(Records for processing begins)

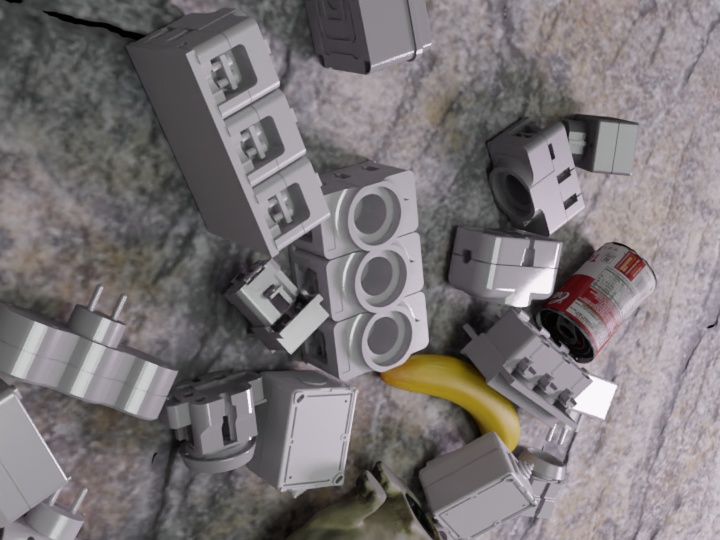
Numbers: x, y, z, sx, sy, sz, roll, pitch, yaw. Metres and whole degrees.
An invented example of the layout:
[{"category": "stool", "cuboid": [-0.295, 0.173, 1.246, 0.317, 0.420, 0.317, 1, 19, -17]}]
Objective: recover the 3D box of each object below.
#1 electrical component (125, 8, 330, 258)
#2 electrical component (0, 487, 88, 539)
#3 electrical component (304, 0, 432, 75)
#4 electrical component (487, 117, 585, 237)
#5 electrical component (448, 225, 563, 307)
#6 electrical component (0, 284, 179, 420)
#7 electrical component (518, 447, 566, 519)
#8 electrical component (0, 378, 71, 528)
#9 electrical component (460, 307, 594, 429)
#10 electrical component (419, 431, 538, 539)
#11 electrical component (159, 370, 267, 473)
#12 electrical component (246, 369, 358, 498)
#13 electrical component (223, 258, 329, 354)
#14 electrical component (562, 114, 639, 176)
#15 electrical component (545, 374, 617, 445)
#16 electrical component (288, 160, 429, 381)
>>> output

(Records for processing ends)

# Directions for this task
Write the entries out in full and exactly, omitting every picture.

# Exercise output
Numbers: x, y, z, sx, sy, sz, roll, pitch, yaw. Metres and whole degrees.
An invented example of the layout:
[{"category": "stool", "cuboid": [-0.295, 0.173, 1.246, 0.317, 0.420, 0.317, 1, 19, -17]}]
Objective: recover the 3D box of each object below.
#1 electrical component (125, 8, 330, 258)
#2 electrical component (0, 487, 88, 539)
#3 electrical component (304, 0, 432, 75)
#4 electrical component (487, 117, 585, 237)
#5 electrical component (448, 225, 563, 307)
#6 electrical component (0, 284, 179, 420)
#7 electrical component (518, 447, 566, 519)
#8 electrical component (0, 378, 71, 528)
#9 electrical component (460, 307, 594, 429)
#10 electrical component (419, 431, 538, 539)
#11 electrical component (159, 370, 267, 473)
#12 electrical component (246, 369, 358, 498)
#13 electrical component (223, 258, 329, 354)
#14 electrical component (562, 114, 639, 176)
#15 electrical component (545, 374, 617, 445)
#16 electrical component (288, 160, 429, 381)
>>> output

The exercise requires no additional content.